Agreed. You won't lose as much value investing in gold as in beanie babies. But then that applies to investing in toothpaste or urinal cakes or anything else, for that matter.
You certainly don't make any money in gold over the long run, it has no yield, and it actually costs money (in storage, verification and, of course, opportunity costs) to own.
And it can decrease in value. Gold is no more immune to the laws of supply and demand than anything else. But given the fact that gold has relatively few actual uses, it has little intrinsic worth.
People that bought at the top of the gold market in 1980 got screwed, just like the people that bought into NASDAQ at 5200 got screwed. It's simple...buy low, sell high; not the other way around.

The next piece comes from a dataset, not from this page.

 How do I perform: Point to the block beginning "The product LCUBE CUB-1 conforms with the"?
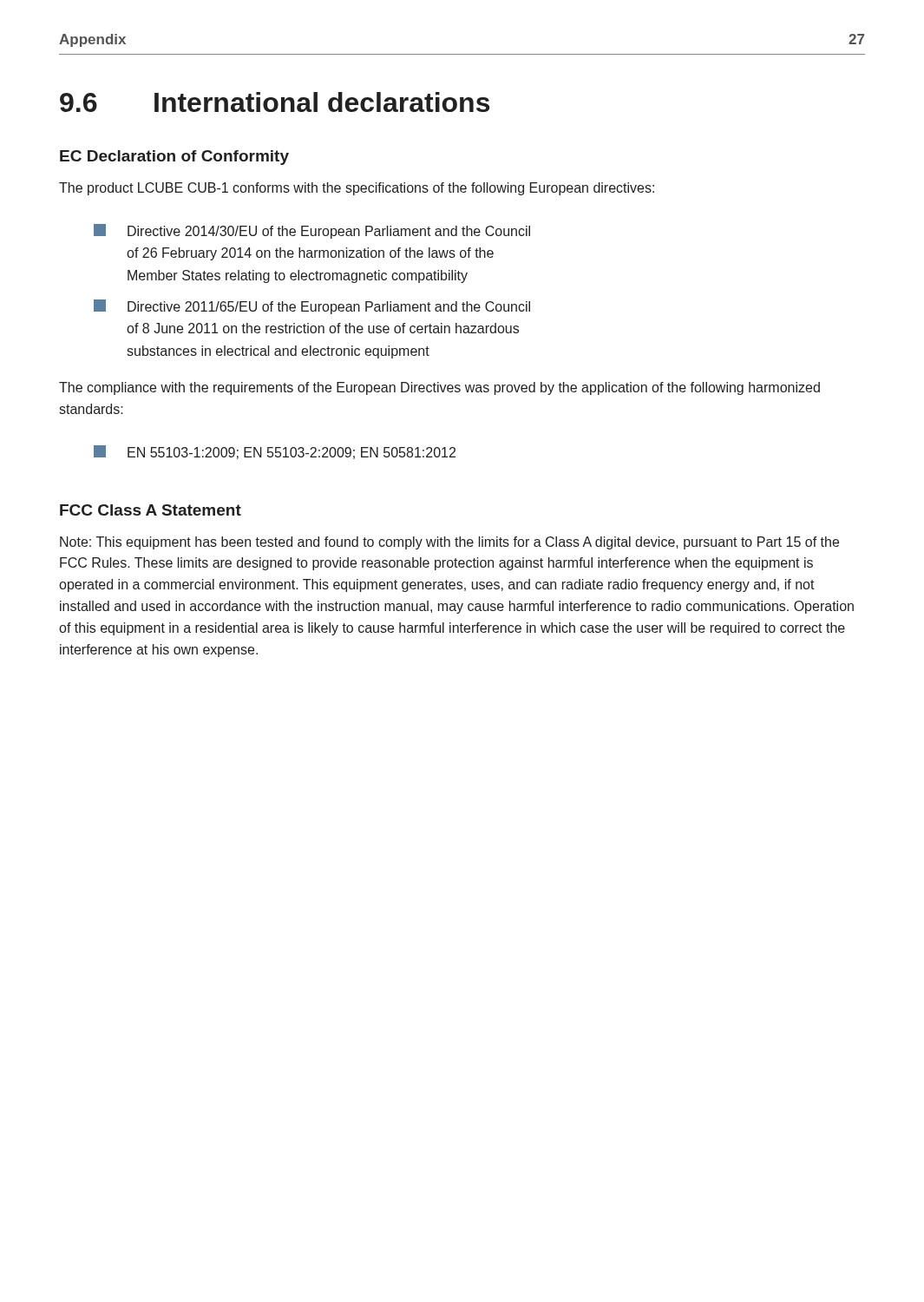point(357,188)

I don't understand your point. Of course gold's value can be manipulated --- for political ends or for any other reason. About twenty years ago, the Hunt brothers came damn close to cornering the silver market. And if silver can be cornered, why can't gold? The laws of supply and demand don't just go away because you say they do.
NO BLOOD FOR GOLD!
HaHAHAHAHAHAHAHA.
Bought all I own between 240 and 300.
You could make the same idiotic comparison by comparing buying stocks only at the peak of the NASDAQ. The trick you see is to Buy Low and Sell High.
That's an old saying? I've never heard of it, and Google lists no references. And if the Emperor hates gold, it's because gold is a terrible investment, for individuals, speculators and nation-states alike.
The public gets used to a "little" inflation.
A good thing too, because the economy can't grow unless the money supply expands as well.